4. In coming to the conclusion that a separate resolution authorising the Executive Officer of file the appeal is required, the Single Bench in Garib Chand's case (1979-81 Pun LR 527) (supra), relied upon a number of judgment which we are going to notice in seriatim. The first, Bawa Bhagwan Dass v. Municipal Committee, Rupar, AIR 1943 Lah 318, is by a Division Bench. A perusal thereof will show that it supports our view and not the view taken by the single Bench in Garib Chand's case. In that case an appeal being preferred by the Executive officer on behalf of the Municipal Committee, its maintainability was objected to on the ground of absence of any resolution by the Municipal Committee deciding to file the appeal. This was met by the reply that the Municipal Committee had passed a resolution to prefer an appeal. The Court observed that 'had this been correct no difficulty would have arisen at all'. It was, however, found that there was no such resolution. Meaning thereby that if the Municipal Committee had passed a resolution to file the appeal, its Executive Officer could have legitimately filed the same.
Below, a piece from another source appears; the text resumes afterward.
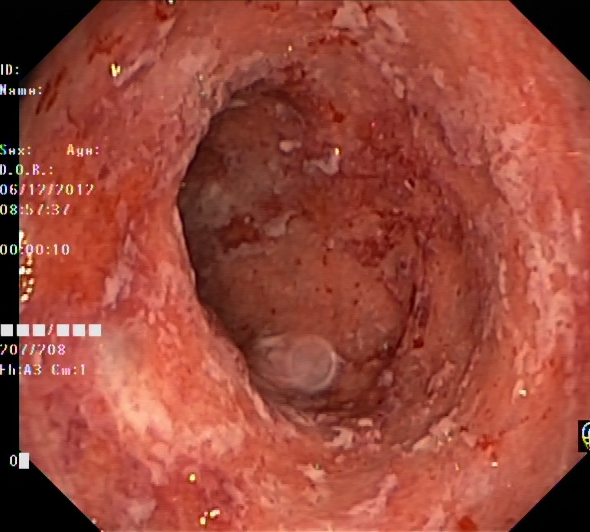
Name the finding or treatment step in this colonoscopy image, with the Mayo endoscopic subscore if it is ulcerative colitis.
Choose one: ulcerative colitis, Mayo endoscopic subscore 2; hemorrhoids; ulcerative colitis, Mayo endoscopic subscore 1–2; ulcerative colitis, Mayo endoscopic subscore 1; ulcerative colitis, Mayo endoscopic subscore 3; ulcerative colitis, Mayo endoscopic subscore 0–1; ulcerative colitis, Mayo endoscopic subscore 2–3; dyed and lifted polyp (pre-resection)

ulcerative colitis, Mayo endoscopic subscore 3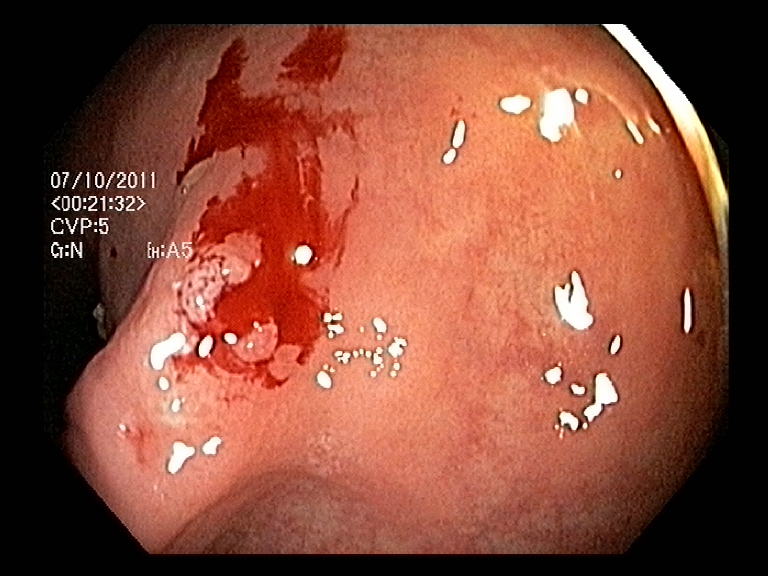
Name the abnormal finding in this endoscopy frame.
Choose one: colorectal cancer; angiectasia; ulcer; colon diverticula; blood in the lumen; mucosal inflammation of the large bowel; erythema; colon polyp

It was then argued on behalf of the Municipal Committee that the Executive Officer was empowered to file the appeal by virtue of Section 4 of the Act without the Municipal Committee passing a resolution to file the appeal. This contention was repelled by observing that the words 'for the purpose of carrying on the administration of the municipality' in Section 4(a) do not confer any power to file an appeal upon the Executive Officer, because the act of filing an appeal cannot be considered to be an act for carrying on the administration of the municipality. It was, therefore, ruled that the appeal becomes competent only when the Municipal Committee by a resolution decides to file the same. It is nowhere held in that judgment that after the Municipal Committee passes a resolution deciding to file the appeal it has yet to pass another resolution authorising the Executive Officer to file the appeal on its behalf.

5. The second judgment is in Punjab Agricultural University v. Walia Brothers, (1969) 71 Pun LR 257. This Judgment has not much relevance to the point in issue. It is not a case relating to a Municipal Committee or its Executive Officer. It pertains to the Punjab Agricultural University, Ludhiana, and the rule laid down is that under Section 12(2) of the Punjab Agricultural University Act, the Vice-Chancellor is not empowered to defend any suit or appeal without specific resolution in that behalf by the Board of Management of the University. Similarly, item No, 27 in Schedule Part B does not authorise the Vice-chancellor to institute an appeal.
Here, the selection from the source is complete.